As I said in my first post on the topic, I am told that the effects of extreme narcosis are much different from what most of us have experienced.
In my conversations with Bret Gilliam, he described an effect at very great depths akin to blacking out...
A lot of people, including myself, have experienced symptoms akin to blacking out on mixed gases and on air. I have come to believe that blaming them on Narcosis is short-sighted especially when you are below the 285'/2.0 PPO
2 mark where lots of things happening and interacting.
Gas density and lung ventilation itself are significant issues. That is one reason that high blood CO
2 is universally believed to be a significant component of Narcosis (directly biochemically or as a contributor). It is also the logic behind using Helium (which is about 1/7th as dense as Nitrogen).
You really notice the respiratory work load due to gas density of air at 250', especially in a chamber without all the distractions of dive gear and stress of being in the water.

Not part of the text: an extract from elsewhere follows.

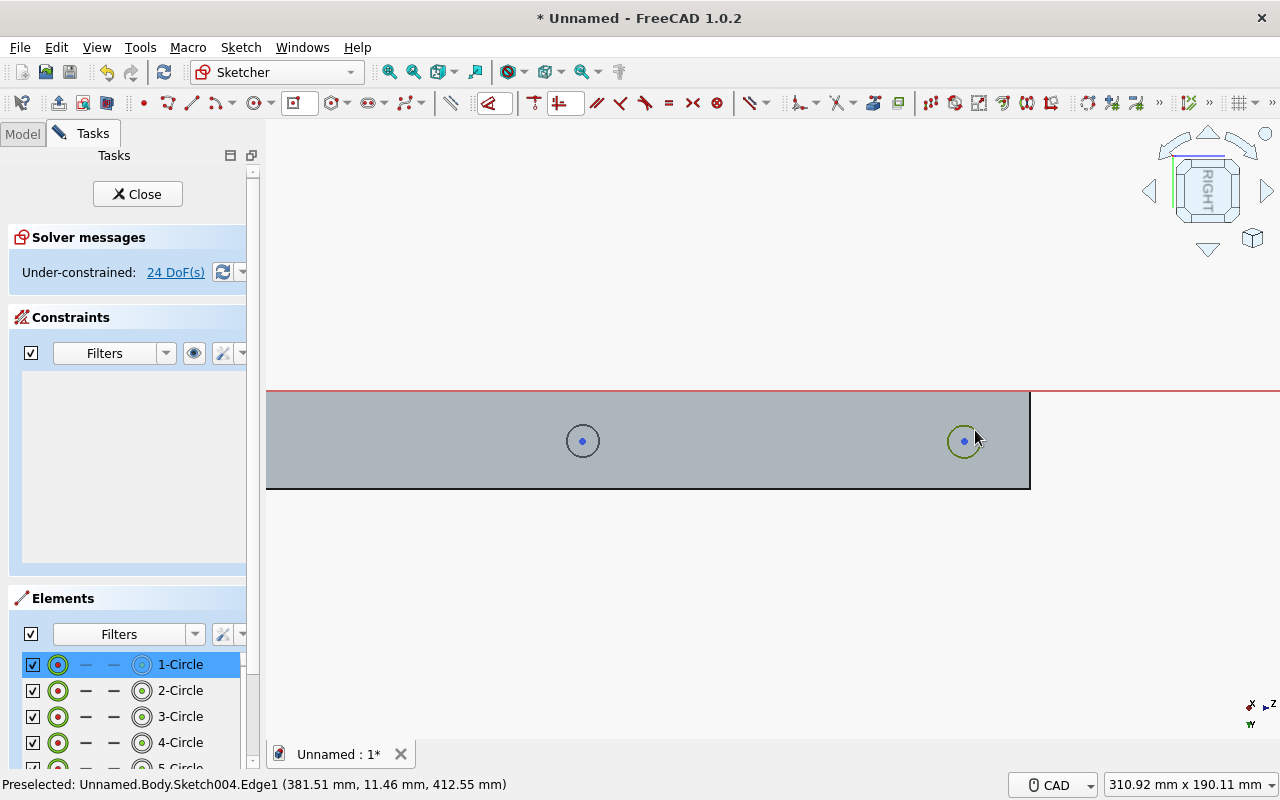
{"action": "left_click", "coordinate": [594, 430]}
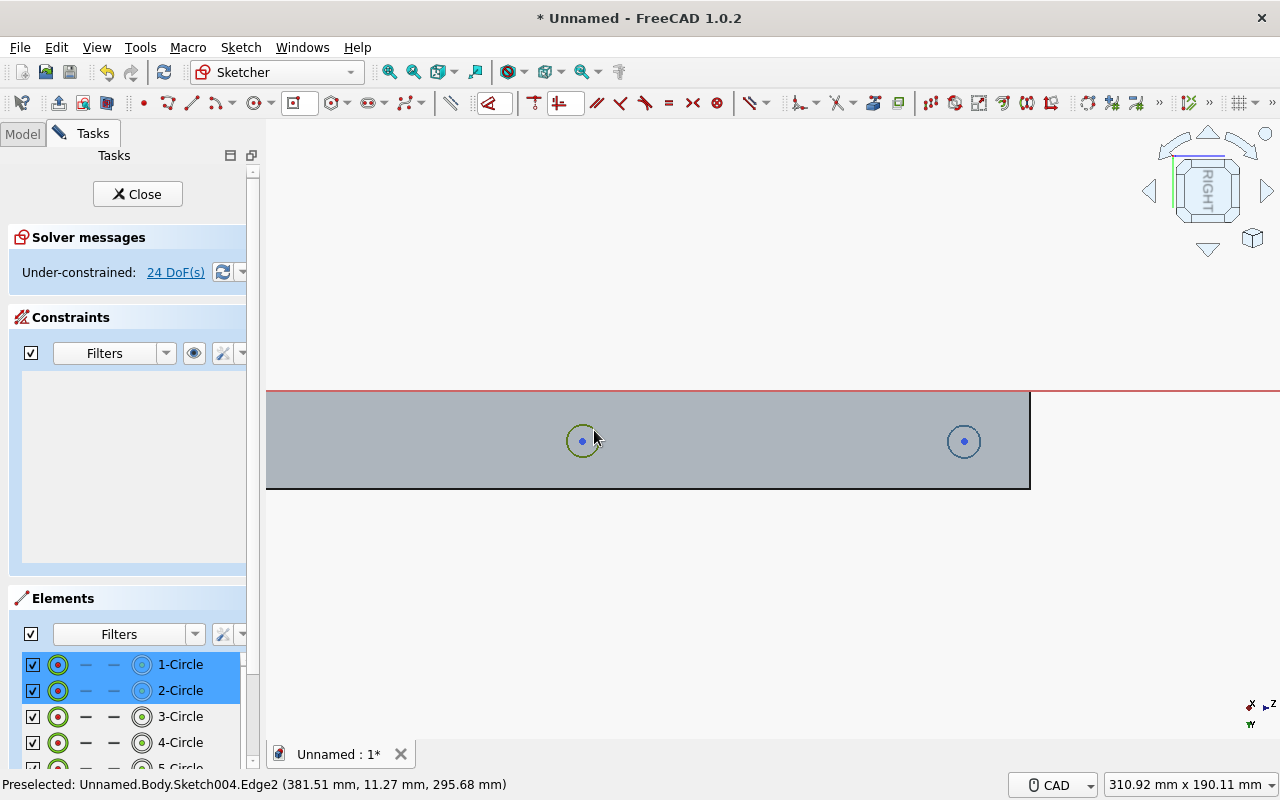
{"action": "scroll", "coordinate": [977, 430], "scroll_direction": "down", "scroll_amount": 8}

Lots of guys describe it like breathing whipped cream.
IGN (Inert Gas Narcosis) is called that because even Helium produces Narcotic symptoms in ranges starting about 10x deeper than air. Granted, Nitrogen isnt an inert gas, but is believed to be biologically inert for this discussion.
She and two buddies attempted a bounce dive on air to 300 feet, but when they hit 300 feet, she kept going and was not turned around by a pursuing buddy until she hit 400 feet. The common belief is that she was so thoroughly narced that she did not know what she was doing...

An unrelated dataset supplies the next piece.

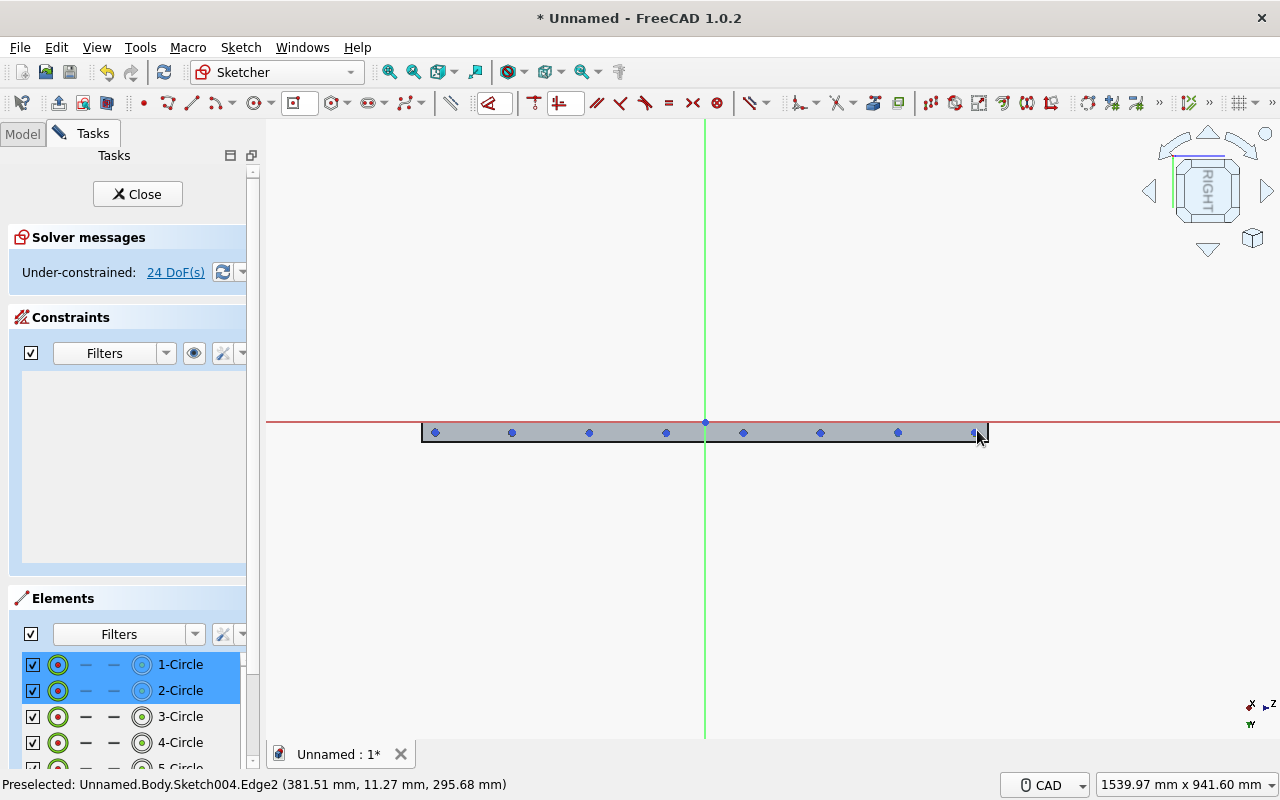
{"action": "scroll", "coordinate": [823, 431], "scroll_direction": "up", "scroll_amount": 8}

The key to this statement is common belief. Narcosis is far from the only factor at play below 300'.
It's a fairly well known that diving repeatedly and going slightly deeper on " build-up" dives can significantly lessen the effects of narcosis.
Actually it doesn't change the effects at all ... it simply helps you adapt to coping with them
We dont actually know that either. Lots of us believe it is much more complex than just coping.

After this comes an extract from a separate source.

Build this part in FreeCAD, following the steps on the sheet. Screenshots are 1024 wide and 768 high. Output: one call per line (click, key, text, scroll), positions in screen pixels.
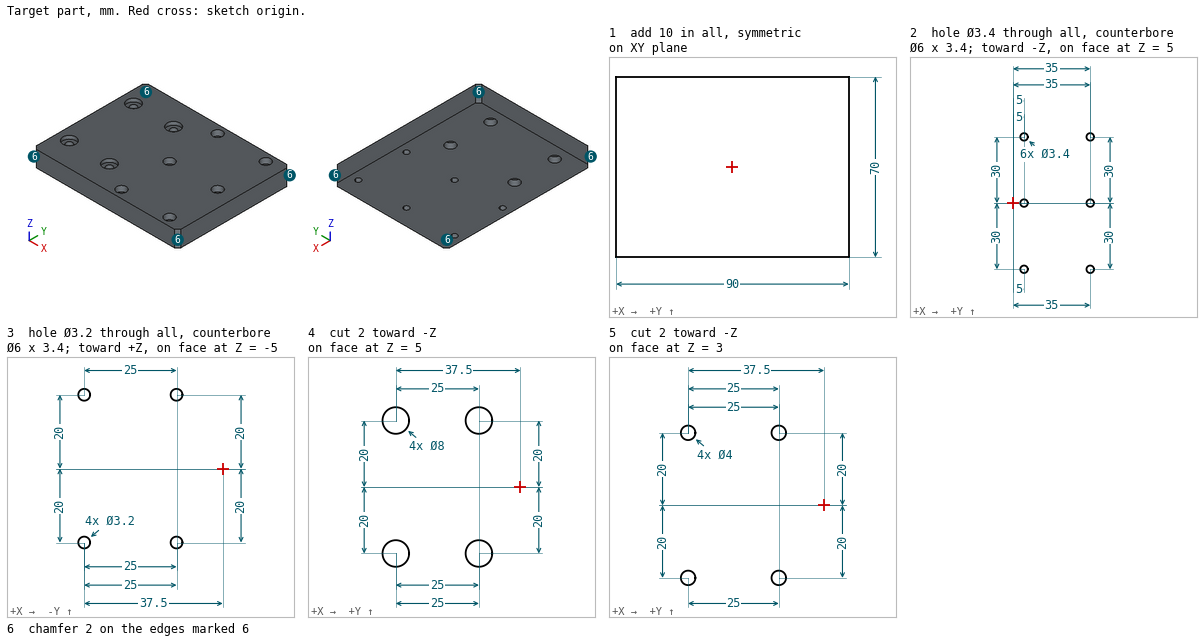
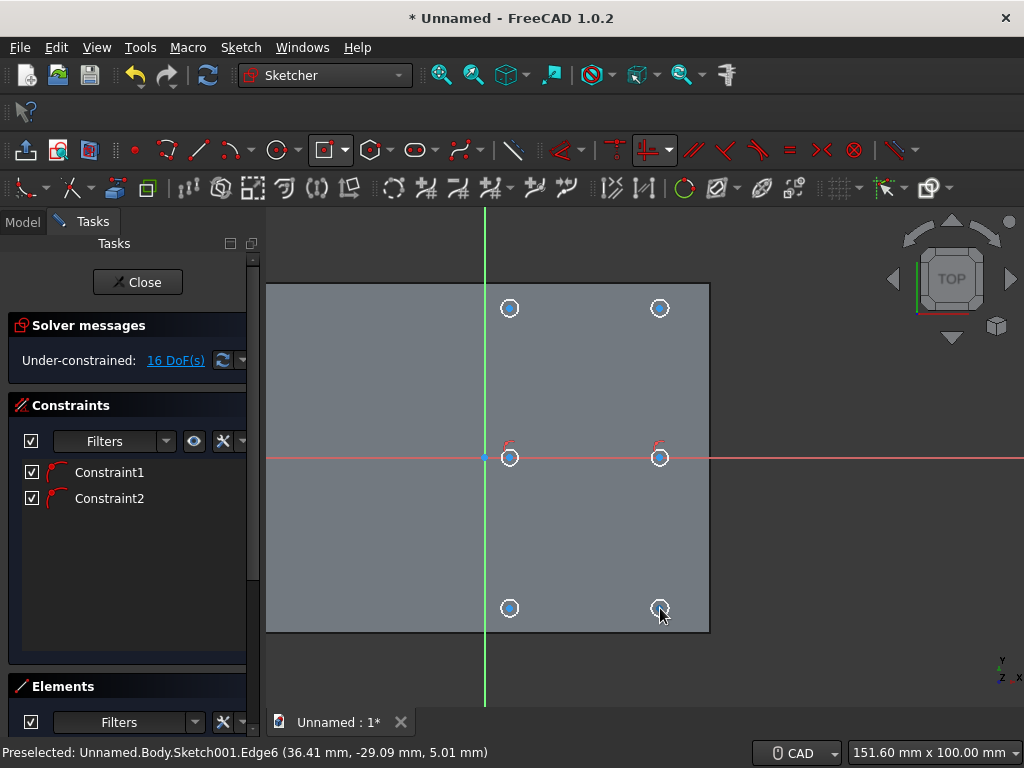
scroll(516, 302, up, 3)

I can offer dozens of examples that illustrates dramatic acclimatization effects of repeated near-term exposure to Narcosis. My first experience and probably most dramatic example was on a project in the early 1970s. Its a long story but a couple of us needed to make up to four jumps a day on Scuba to the 160-180' range. There were no published tables for it in those days.
The Hyperbaric doc onboard calculated a schedule that alternated air and HeO
2 (with lots of pure O
2 at water stops and in the chamber). We started to notice that we couldnt tell the difference between air and mixed gas jumps, which was obvious in the beginning. We were cold anyway and sound attenuation made the old Donald Duck voice test inconclusive on Scuba.
Later we were in sat and alternated between open-circuit air in the water and HeO
2 in the chamber with the same result. It was not a matter of consciously coping or compensating, all perception of Narcosis was completely gone.
This was a real phenomenon to me so I brought it up to a salty old commercial diving super who looked at me with a blank stare and said yeah, it happens all the time. I later had the chance to see he wasnt alone. This goes way beyond CO
2, experience, and consciously compensating. Narcosis tolerance degrades to normal after the exposures stop and the acclimatization process repeats when exposures begins again.
That leads many of us to highly suspect that a biochemical adaptation occurs.
OK that is interesting, but probably has little impact on recreational Scuba divers (as opposed to what can be considered tech divers).
There arent many opportunities for recreational divers to make enough deep dives day after day for this phenomenon to be useful.
There is another layer of what some might call acclimatization that isnt so transient. Your first deep dives are exciting and stressful. You dont know how Narcosis will affect you and all those sea stories are in the back of your mind. Pile on gas management, decompression, and general fear of the unknown and you are stressed far above normal. That stress and hypersensitivity make actual and perceived Narcosis symptoms much worse.
With a little experience, most of these stressors dont return, at least until you approach another depth threshold. You also develop coping mechanisms as you begin to recognize how Narcosis affects you just as we develop coping mechanisms when we are tired at the end of the day.